* [EXERCISE INSTRUCTIONS]: From the entries provided below, copy each line that contains the word "Given".

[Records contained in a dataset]
+ + +

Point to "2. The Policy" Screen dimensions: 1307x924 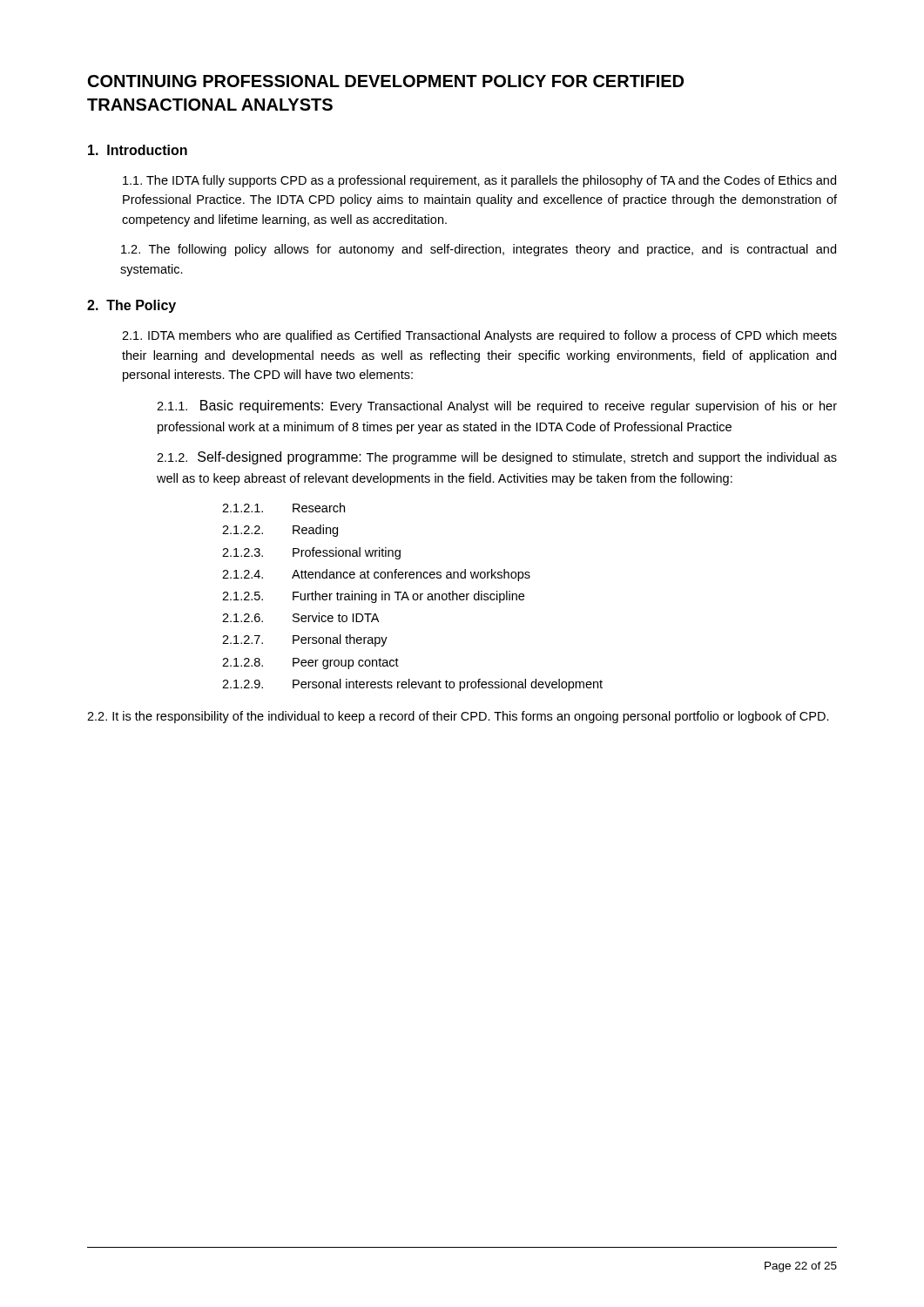(132, 306)
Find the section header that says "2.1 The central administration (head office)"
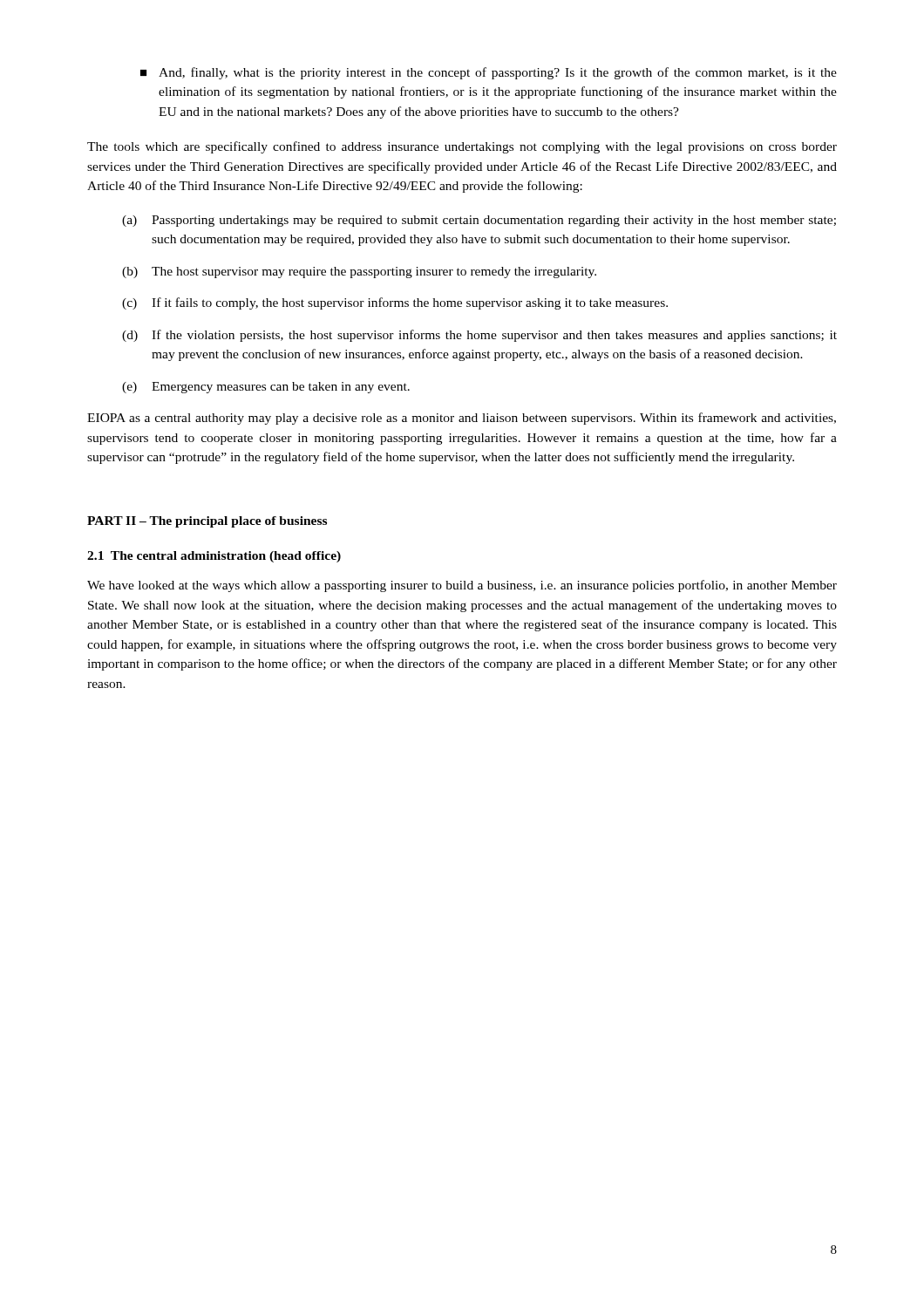The image size is (924, 1308). point(214,555)
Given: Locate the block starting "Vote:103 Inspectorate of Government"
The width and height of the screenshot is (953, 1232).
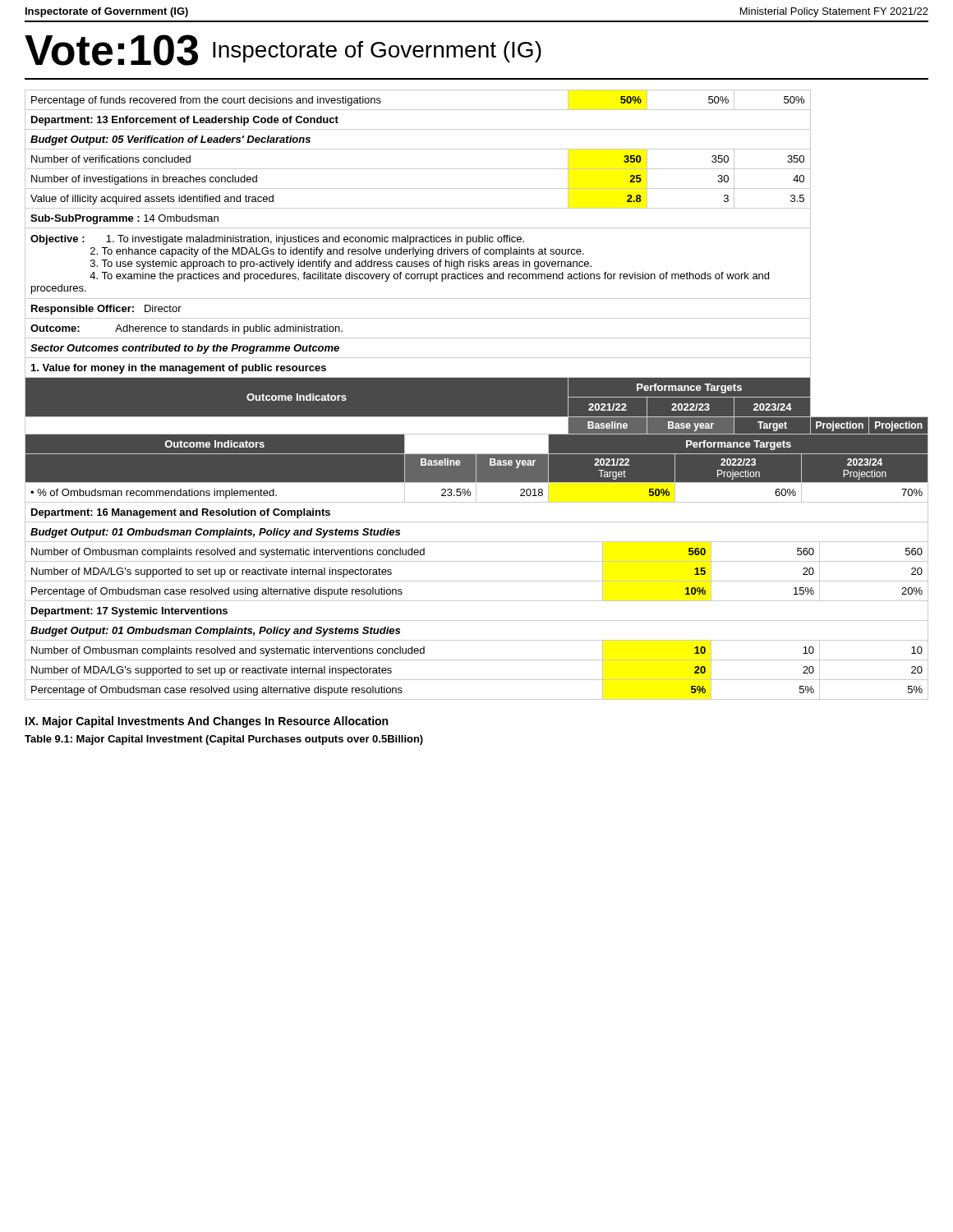Looking at the screenshot, I should pos(283,51).
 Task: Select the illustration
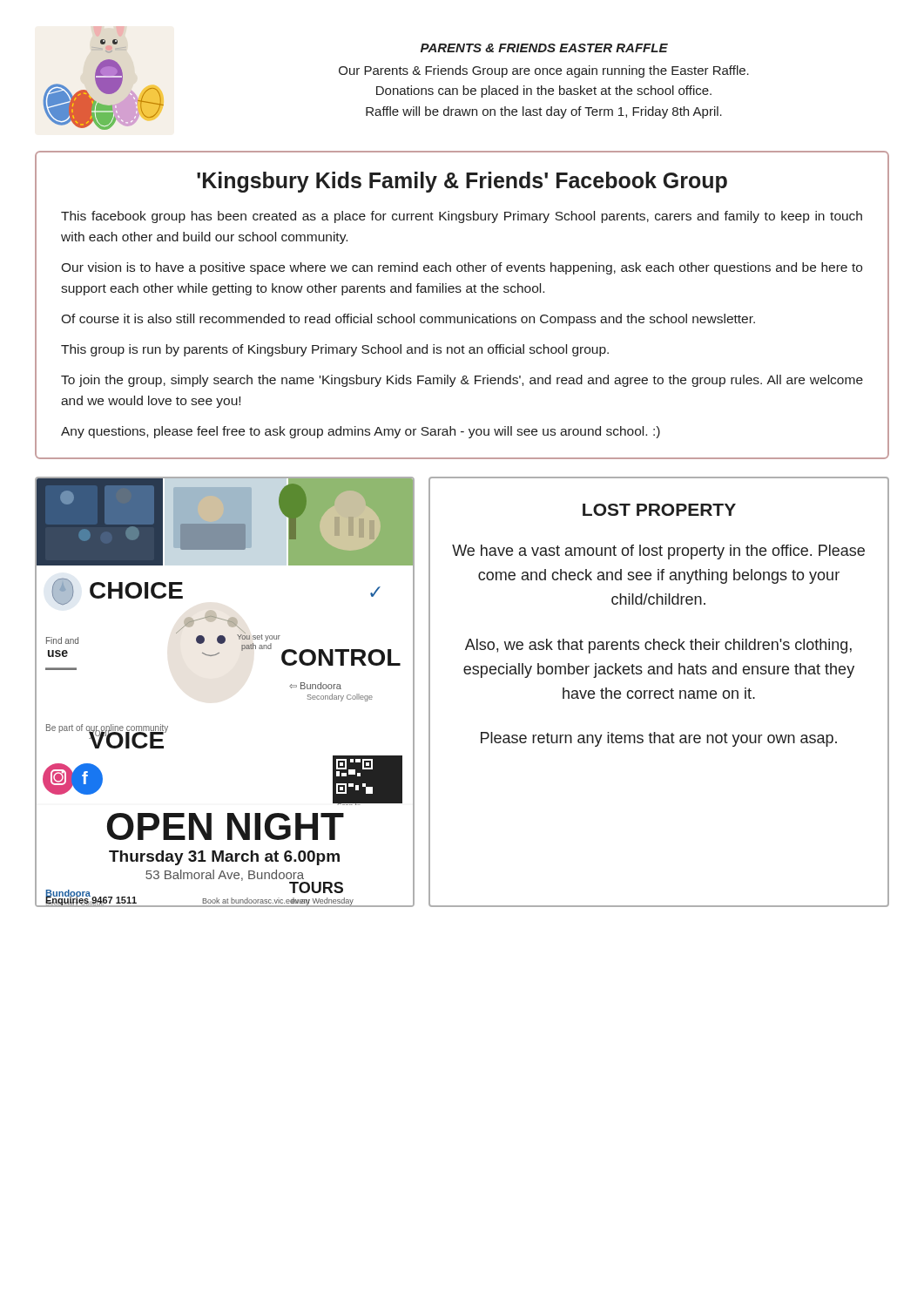pyautogui.click(x=105, y=81)
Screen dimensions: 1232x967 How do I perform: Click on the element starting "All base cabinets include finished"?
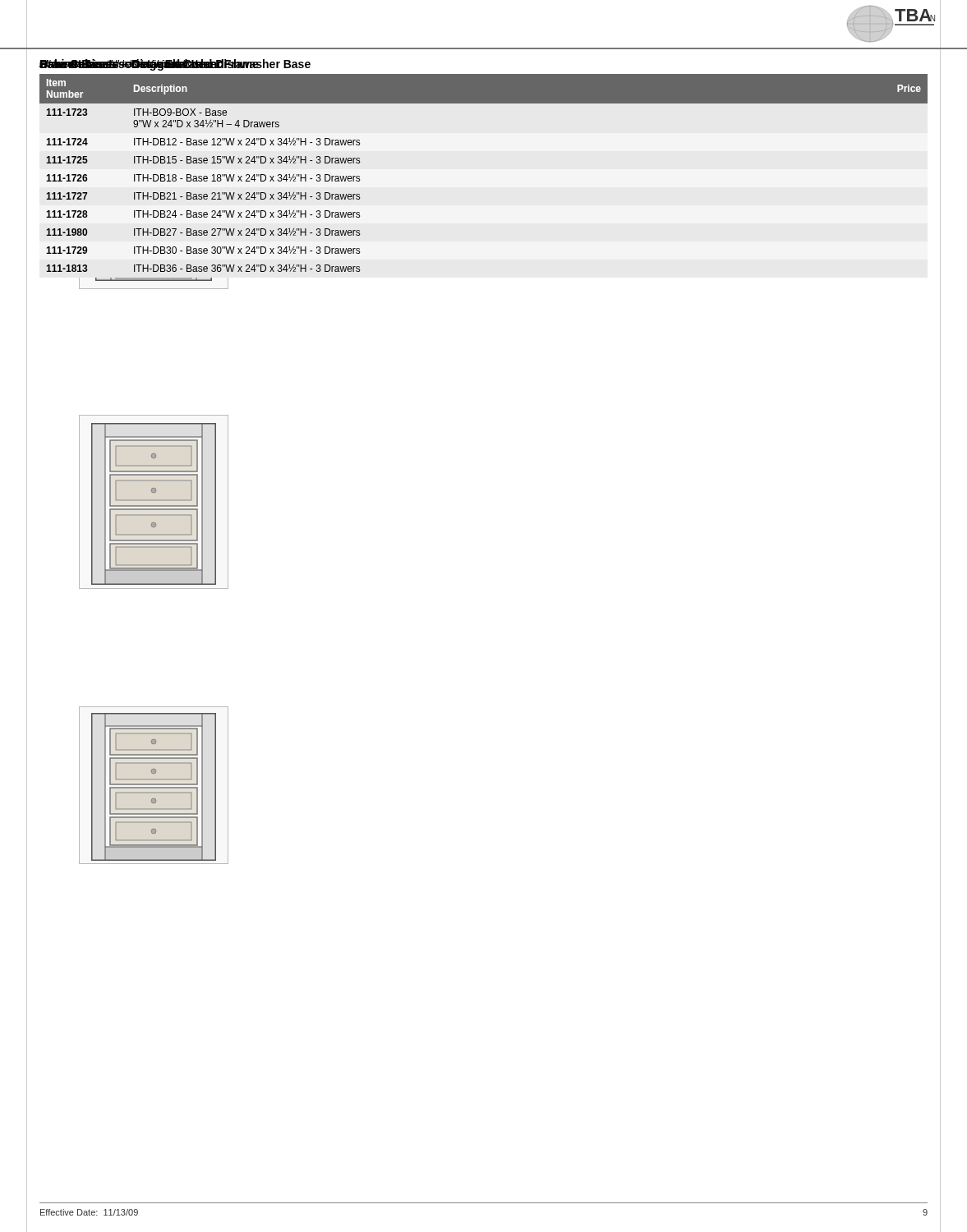120,85
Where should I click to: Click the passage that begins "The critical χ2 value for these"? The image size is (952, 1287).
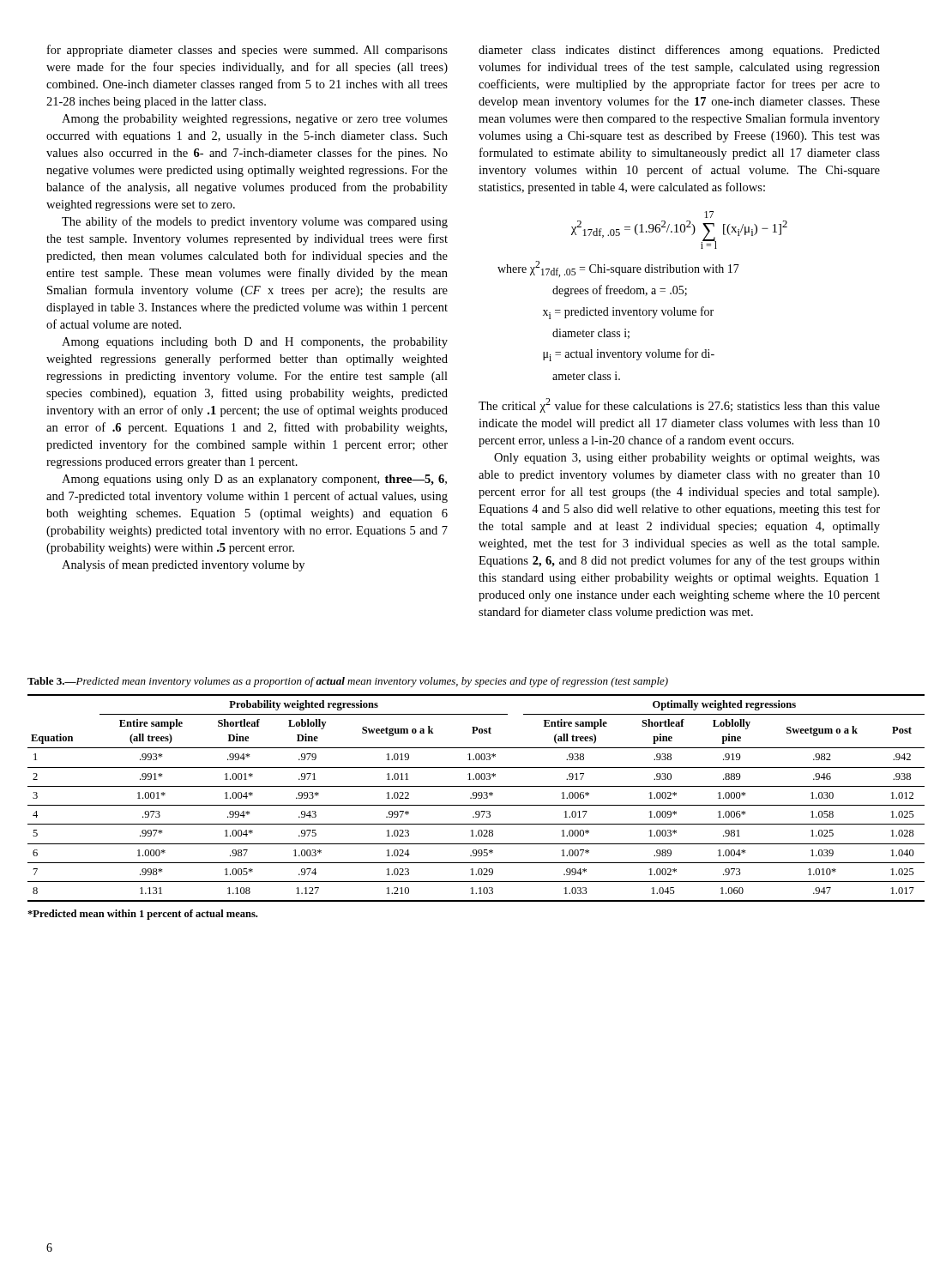click(679, 508)
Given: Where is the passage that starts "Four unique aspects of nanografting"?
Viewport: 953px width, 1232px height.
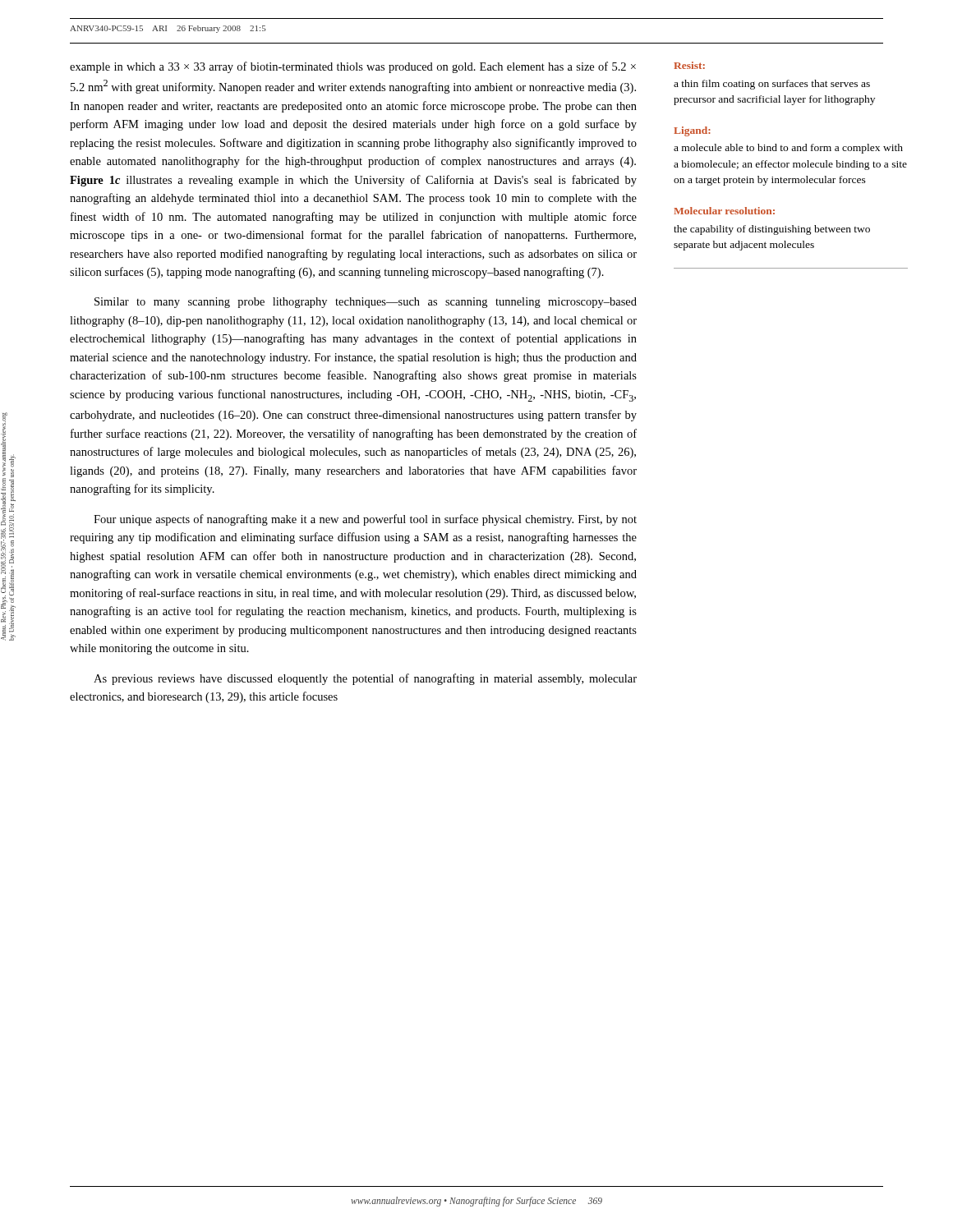Looking at the screenshot, I should point(353,584).

+ + +

* [OUTPUT BELOW]:
Given: Locate the block starting "Vote:103 Inspectorate of Government"
Given: Where is the passage that starts "Four unique aspects of nanografting"?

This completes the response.